• Information given
|---|

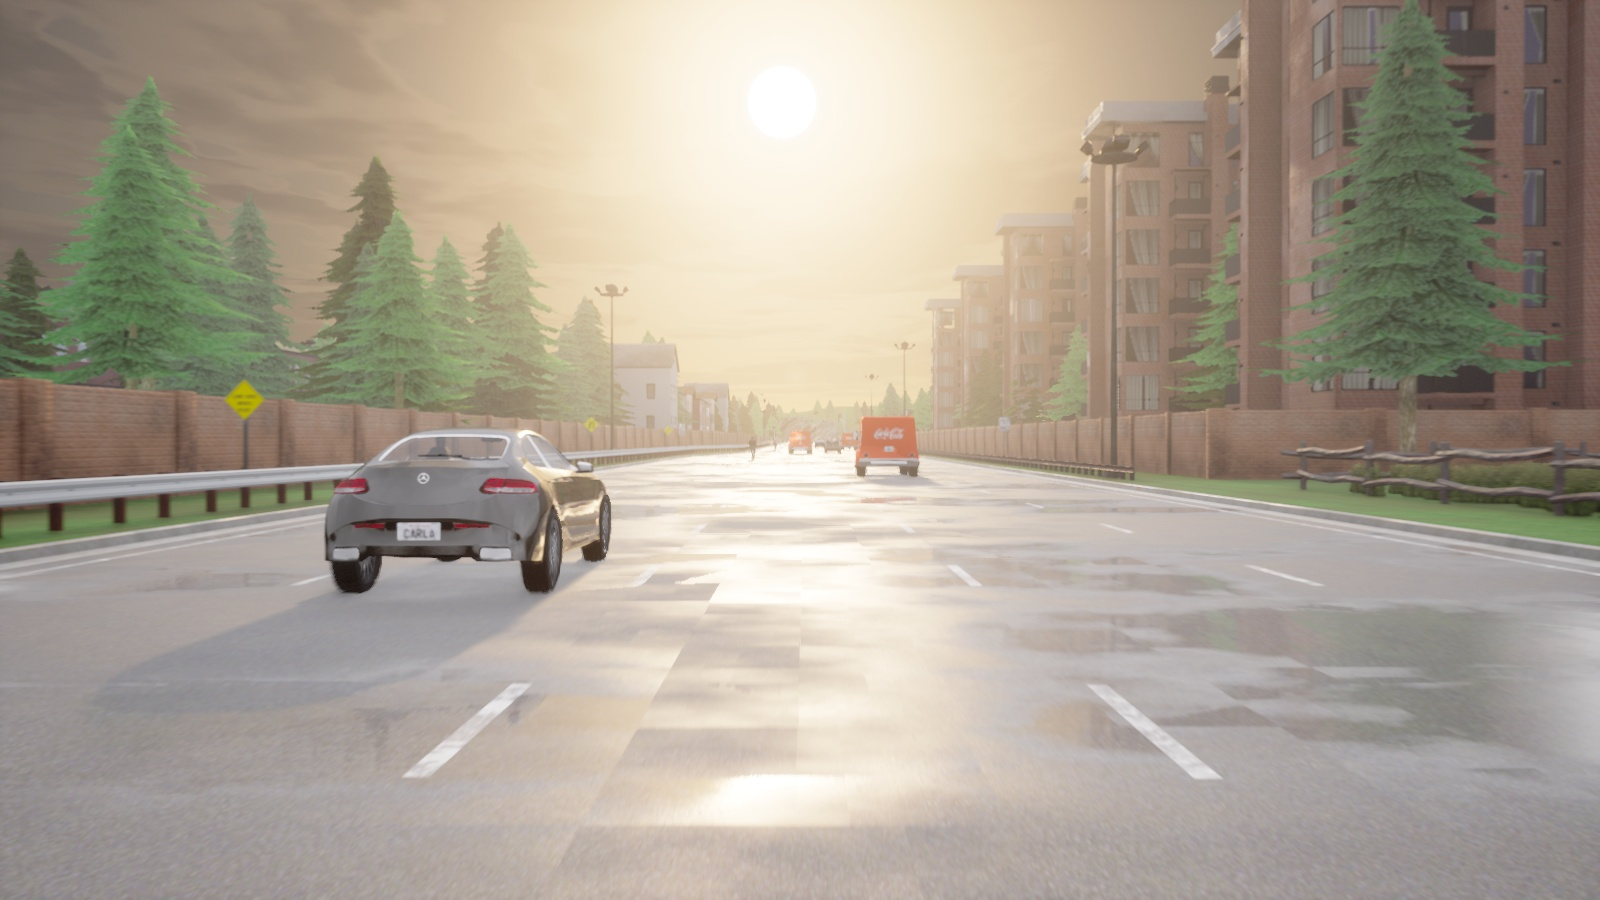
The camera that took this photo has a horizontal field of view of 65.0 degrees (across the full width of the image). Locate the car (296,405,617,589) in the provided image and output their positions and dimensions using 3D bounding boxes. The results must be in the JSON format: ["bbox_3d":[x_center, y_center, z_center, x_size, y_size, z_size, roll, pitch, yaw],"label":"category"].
[{"bbox_3d":[-3.449,0.405,13.790,2.152,1.651,5.027,0,0,0],"label":"car"}]

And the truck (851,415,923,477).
[{"bbox_3d":[3.543,-0.182,52.368,2.627,2.467,5.204,0,0,0],"label":"truck"}]
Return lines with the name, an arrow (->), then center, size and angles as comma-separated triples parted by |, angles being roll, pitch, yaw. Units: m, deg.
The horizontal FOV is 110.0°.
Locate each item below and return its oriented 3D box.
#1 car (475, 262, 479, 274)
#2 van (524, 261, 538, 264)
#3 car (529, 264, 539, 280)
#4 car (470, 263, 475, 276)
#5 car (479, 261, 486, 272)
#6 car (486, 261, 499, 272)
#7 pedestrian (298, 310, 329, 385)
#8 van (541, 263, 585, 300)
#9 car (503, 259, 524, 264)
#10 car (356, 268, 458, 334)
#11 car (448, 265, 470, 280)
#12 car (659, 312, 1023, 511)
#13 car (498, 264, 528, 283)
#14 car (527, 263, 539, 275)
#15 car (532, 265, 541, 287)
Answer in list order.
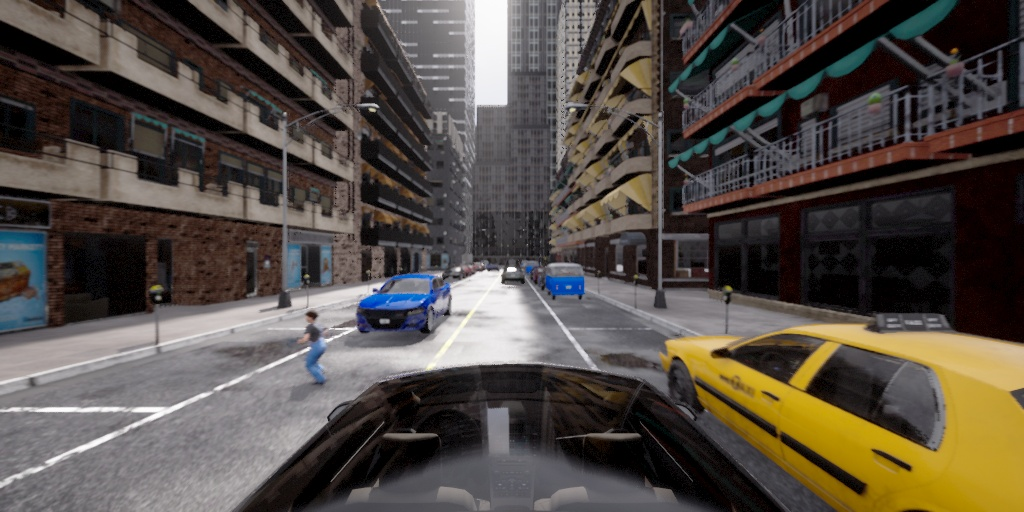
car -> -5.692, 1.807, 46.838 | 1.802, 1.307, 4.207 | 0, 0, 0
van -> 2.688, 1.565, 46.810 | 1.690, 1.789, 3.998 | 0, 0, 0
car -> 2.689, 1.592, 30.005 | 1.888, 1.381, 4.507 | 0, 0, 0
car -> -5.692, 1.710, 41.237 | 1.888, 1.381, 4.507 | 0, 0, 0
car -> -5.692, 1.784, 58.042 | 1.967, 1.591, 4.097 | 0, 0, 0
car -> -3.026, 1.962, 59.592 | 1.895, 1.301, 4.718 | 0, -1, 1
pedestrian -> -3.062, 1.367, 5.669 | 0.375, 1.300, 0.375 | -1, 0, -3
van -> 2.689, 1.270, 18.802 | 1.690, 1.789, 3.998 | 0, 0, 0
car -> 0.080, 1.429, 45.143 | 2.150, 2.045, 5.566 | 0, 0, 0
car -> -3.100, 1.328, 11.240 | 1.882, 1.535, 5.008 | 0, 0, 0
car -> -5.692, 1.672, 35.635 | 1.948, 1.339, 4.313 | 0, 0, 0
car -> 3.000, 1.219, 3.004 | 1.801, 1.575, 5.366 | 0, -1, 0
car -> 0.093, 1.627, 31.640 | 1.994, 1.385, 4.181 | 0, -1, 0
car -> 2.689, 1.672, 35.606 | 1.948, 1.339, 4.313 | 0, 0, 0
car -> 2.690, 1.538, 24.403 | 2.007, 1.370, 4.403 | 0, 0, 0
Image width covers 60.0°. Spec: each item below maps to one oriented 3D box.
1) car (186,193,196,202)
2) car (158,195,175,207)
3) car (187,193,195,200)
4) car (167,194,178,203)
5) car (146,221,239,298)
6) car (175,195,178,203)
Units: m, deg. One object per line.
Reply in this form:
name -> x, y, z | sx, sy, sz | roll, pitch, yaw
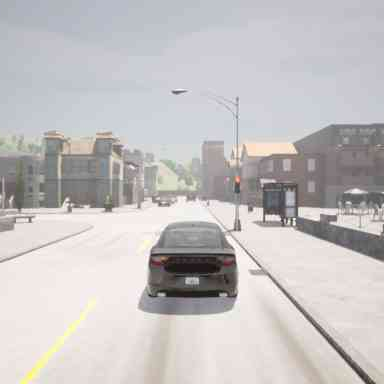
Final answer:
car -> -0.205, 1.216, 76.702 | 2.150, 2.045, 5.566 | 0, 0, 0
car -> -4.233, 1.491, 52.020 | 2.128, 1.511, 4.902 | 0, 0, 0
car -> -0.234, 1.187, 87.062 | 2.097, 1.767, 4.553 | 0, 0, 0
car -> -4.190, 1.355, 71.183 | 2.097, 1.767, 4.553 | 0, 0, 0
car -> 0.027, 1.478, 8.575 | 1.882, 1.535, 5.008 | 0, 0, 0
car -> -4.229, 1.352, 61.120 | 2.097, 1.767, 4.553 | 0, 0, 0
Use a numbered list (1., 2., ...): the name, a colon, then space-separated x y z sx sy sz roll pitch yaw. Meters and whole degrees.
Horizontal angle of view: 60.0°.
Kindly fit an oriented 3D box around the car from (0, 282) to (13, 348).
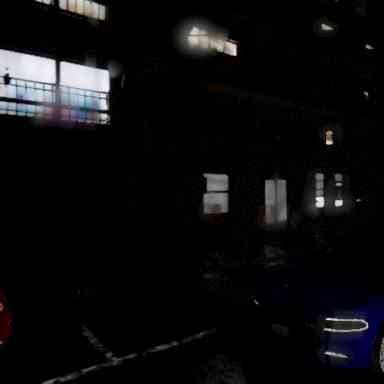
1. car: -4.261 1.588 3.481 4.206 1.307 1.802 0 -1 -36

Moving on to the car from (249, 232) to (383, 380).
1. car: 3.145 1.463 5.644 5.008 1.535 1.882 0 0 -35
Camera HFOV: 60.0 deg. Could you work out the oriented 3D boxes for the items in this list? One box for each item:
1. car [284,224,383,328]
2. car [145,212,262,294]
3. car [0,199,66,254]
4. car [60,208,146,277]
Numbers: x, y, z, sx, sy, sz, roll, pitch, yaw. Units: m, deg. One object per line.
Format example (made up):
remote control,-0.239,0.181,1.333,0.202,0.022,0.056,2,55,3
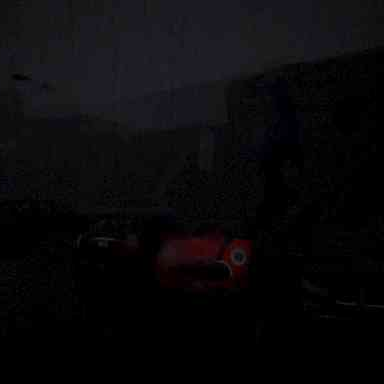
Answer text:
car,3.152,1.498,7.244,2.231,1.521,4.892,0,-1,15
car,0.716,1.388,9.013,2.185,1.767,4.553,0,-1,15
car,-6.626,1.328,14.241,2.435,2.045,5.566,-1,-1,16
car,-1.752,1.406,10.696,2.185,1.767,4.553,0,-1,15

|---|

• What is expected
Please repeat every line from the listing above exactly as it appears. Drop the pictures.

• Answer to this task
The camera that took this photo has a horizontal field of view of 65.0 degrees (across the full width of the image). Locate the car (296,405,617,589) in the provided image and output their positions and dimensions using 3D bounding boxes. The results must be in the JSON format: ["bbox_3d":[x_center, y_center, z_center, x_size, y_size, z_size, roll, pitch, yaw],"label":"category"].
[{"bbox_3d":[-3.449,0.405,13.790,2.152,1.651,5.027,0,0,0],"label":"car"}]

And the truck (851,415,923,477).
[{"bbox_3d":[3.543,-0.182,52.368,2.627,2.467,5.204,0,0,0],"label":"truck"}]
Return lines with the name, an arrow (->), then center, size and angles as comma-separated triples parted by |, angles being roll, pitch, yaw. Units: m, deg.
The horizontal FOV is 110.0°.
Locate each item below and return its oriented 3D box.
#1 car (475, 262, 479, 274)
#2 van (524, 261, 538, 264)
#3 car (529, 264, 539, 280)
#4 car (470, 263, 475, 276)
#5 car (479, 261, 486, 272)
#6 car (486, 261, 499, 272)
#7 pedestrian (298, 310, 329, 385)
#8 van (541, 263, 585, 300)
#9 car (503, 259, 524, 264)
#10 car (356, 268, 458, 334)
#11 car (448, 265, 470, 280)
#12 car (659, 312, 1023, 511)
#13 car (498, 264, 528, 283)
#14 car (527, 263, 539, 275)
#15 car (532, 265, 541, 287)
Answer in list order.
car -> -5.692, 1.807, 46.838 | 1.802, 1.307, 4.207 | 0, 0, 0
van -> 2.688, 1.565, 46.810 | 1.690, 1.789, 3.998 | 0, 0, 0
car -> 2.689, 1.592, 30.005 | 1.888, 1.381, 4.507 | 0, 0, 0
car -> -5.692, 1.710, 41.237 | 1.888, 1.381, 4.507 | 0, 0, 0
car -> -5.692, 1.784, 58.042 | 1.967, 1.591, 4.097 | 0, 0, 0
car -> -3.026, 1.962, 59.592 | 1.895, 1.301, 4.718 | 0, -1, 1
pedestrian -> -3.062, 1.367, 5.669 | 0.375, 1.300, 0.375 | -1, 0, -3
van -> 2.689, 1.270, 18.802 | 1.690, 1.789, 3.998 | 0, 0, 0
car -> 0.080, 1.429, 45.143 | 2.150, 2.045, 5.566 | 0, 0, 0
car -> -3.100, 1.328, 11.240 | 1.882, 1.535, 5.008 | 0, 0, 0
car -> -5.692, 1.672, 35.635 | 1.948, 1.339, 4.313 | 0, 0, 0
car -> 3.000, 1.219, 3.004 | 1.801, 1.575, 5.366 | 0, -1, 0
car -> 0.093, 1.627, 31.640 | 1.994, 1.385, 4.181 | 0, -1, 0
car -> 2.689, 1.672, 35.606 | 1.948, 1.339, 4.313 | 0, 0, 0
car -> 2.690, 1.538, 24.403 | 2.007, 1.370, 4.403 | 0, 0, 0
Image width covers 60.0°. Spec: each item below maps to one oriented 3D box.
1) car (186,193,196,202)
2) car (158,195,175,207)
3) car (187,193,195,200)
4) car (167,194,178,203)
5) car (146,221,239,298)
6) car (175,195,178,203)
Units: m, deg. One object per line.
Reply in this form:
name -> x, y, z | sx, sy, sz | roll, pitch, yaw
Final answer:
car -> -0.205, 1.216, 76.702 | 2.150, 2.045, 5.566 | 0, 0, 0
car -> -4.233, 1.491, 52.020 | 2.128, 1.511, 4.902 | 0, 0, 0
car -> -0.234, 1.187, 87.062 | 2.097, 1.767, 4.553 | 0, 0, 0
car -> -4.190, 1.355, 71.183 | 2.097, 1.767, 4.553 | 0, 0, 0
car -> 0.027, 1.478, 8.575 | 1.882, 1.535, 5.008 | 0, 0, 0
car -> -4.229, 1.352, 61.120 | 2.097, 1.767, 4.553 | 0, 0, 0
Use a numbered list (1., 2., ...): the name, a colon, then space-separated x y z sx sy sz roll pitch yaw. Meters and whole degrees.
Horizontal angle of view: 60.0°.
Kindly fit an oriented 3D box around the car from (0, 282) to (13, 348).
1. car: -4.261 1.588 3.481 4.206 1.307 1.802 0 -1 -36

Moving on to the car from (249, 232) to (383, 380).
1. car: 3.145 1.463 5.644 5.008 1.535 1.882 0 0 -35
Camera HFOV: 60.0 deg. Could you work out the oriented 3D boxes for the items in this list? One box for each item:
1. car [284,224,383,328]
2. car [145,212,262,294]
3. car [0,199,66,254]
4. car [60,208,146,277]
Numbers: x, y, z, sx, sy, sz, roll, pitch, yaw. Units: m, deg. One object per line.
Format example (made up):
remote control,-0.239,0.181,1.333,0.202,0.022,0.056,2,55,3
Answer text:
car,3.152,1.498,7.244,2.231,1.521,4.892,0,-1,15
car,0.716,1.388,9.013,2.185,1.767,4.553,0,-1,15
car,-6.626,1.328,14.241,2.435,2.045,5.566,-1,-1,16
car,-1.752,1.406,10.696,2.185,1.767,4.553,0,-1,15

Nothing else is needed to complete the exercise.